All of the data must be output exactly, with every picture left out.

== == ==

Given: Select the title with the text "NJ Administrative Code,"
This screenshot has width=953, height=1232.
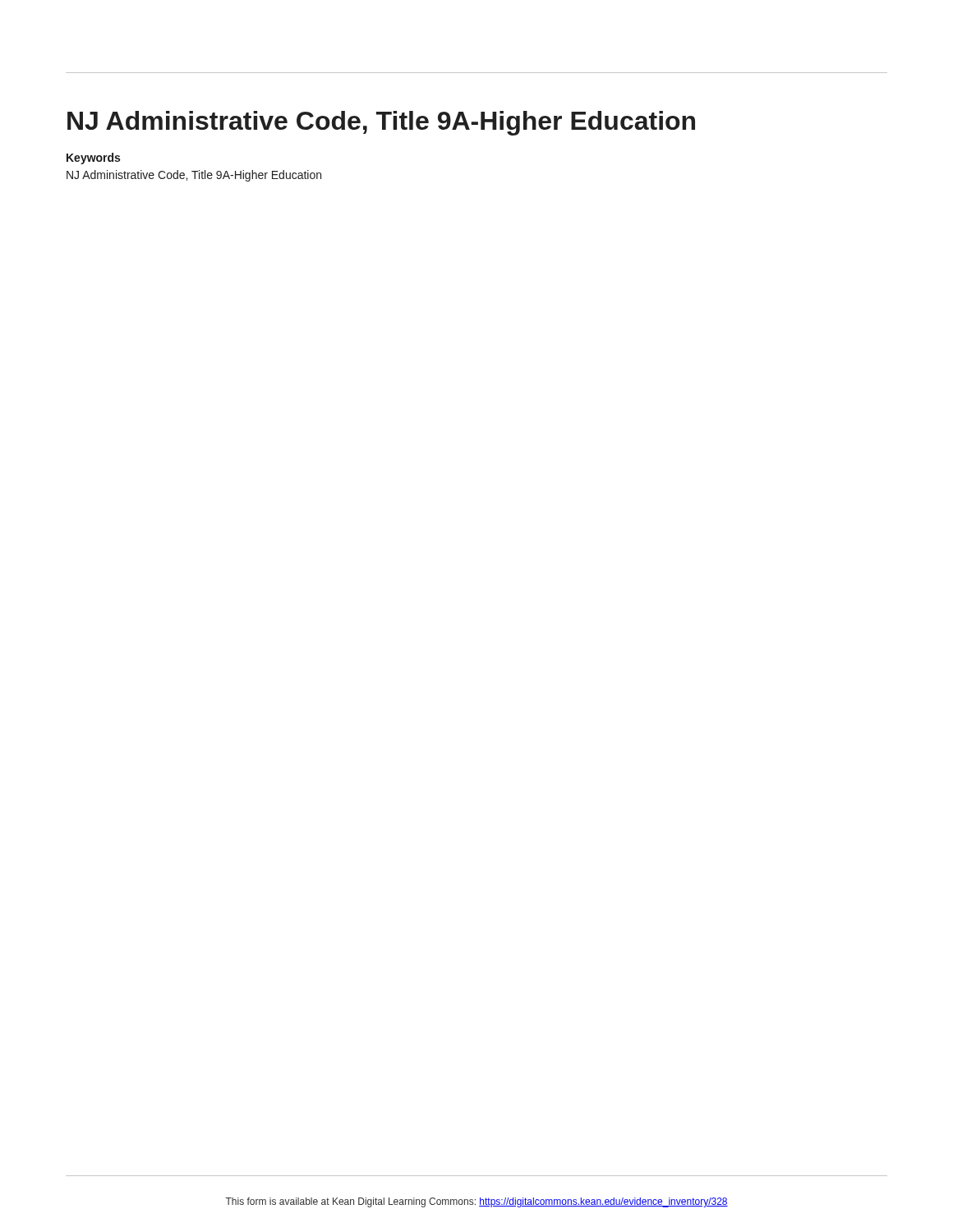Looking at the screenshot, I should click(x=476, y=122).
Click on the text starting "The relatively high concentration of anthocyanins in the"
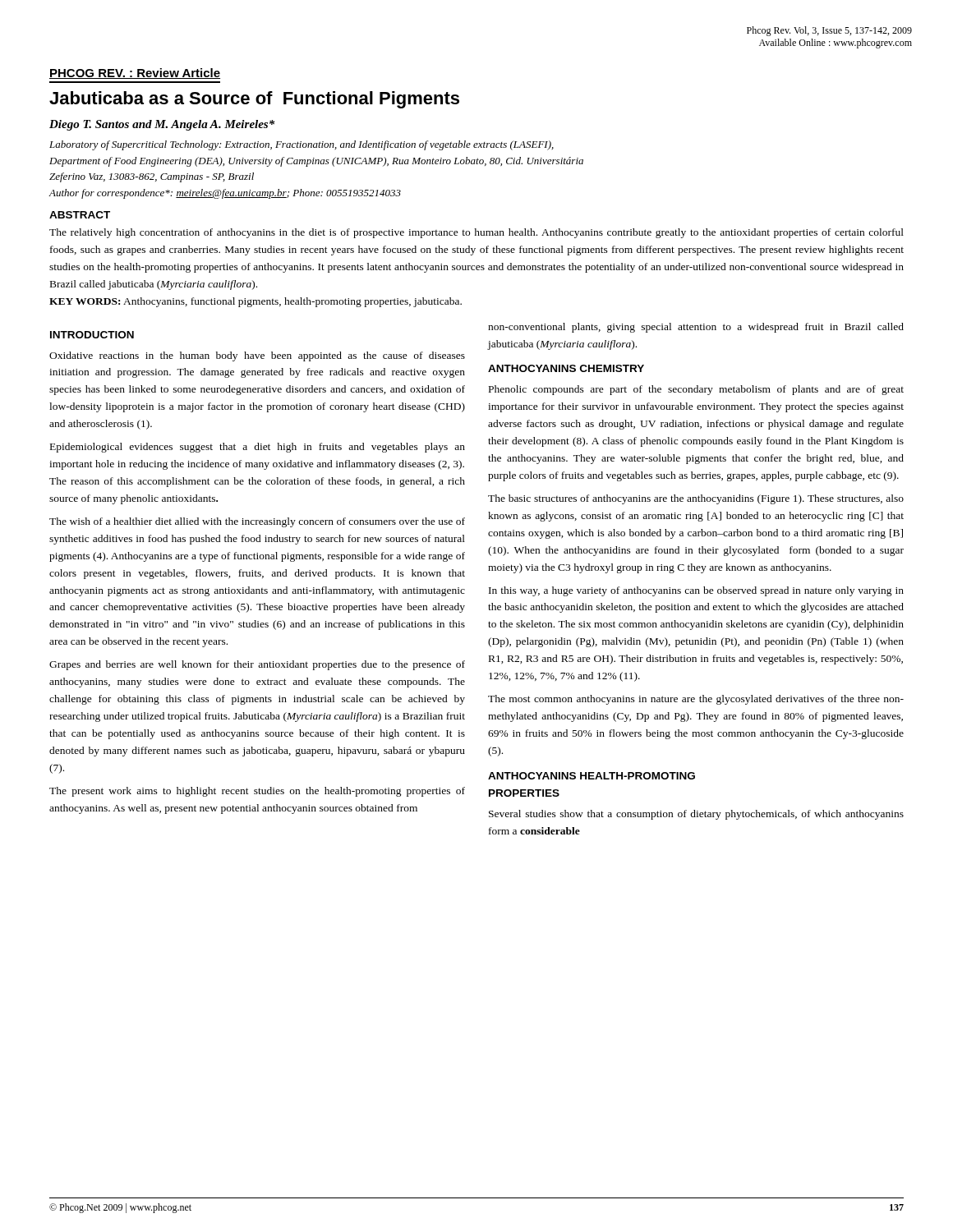This screenshot has width=953, height=1232. click(476, 266)

== == ==

● **TASK RESPONSE**
Given: Select the title with the text "NJ Administrative Code,"
This screenshot has width=953, height=1232.
Looking at the screenshot, I should click(x=476, y=122).
Click on the text starting "The relatively high concentration of anthocyanins in the"
This screenshot has width=953, height=1232. click(476, 266)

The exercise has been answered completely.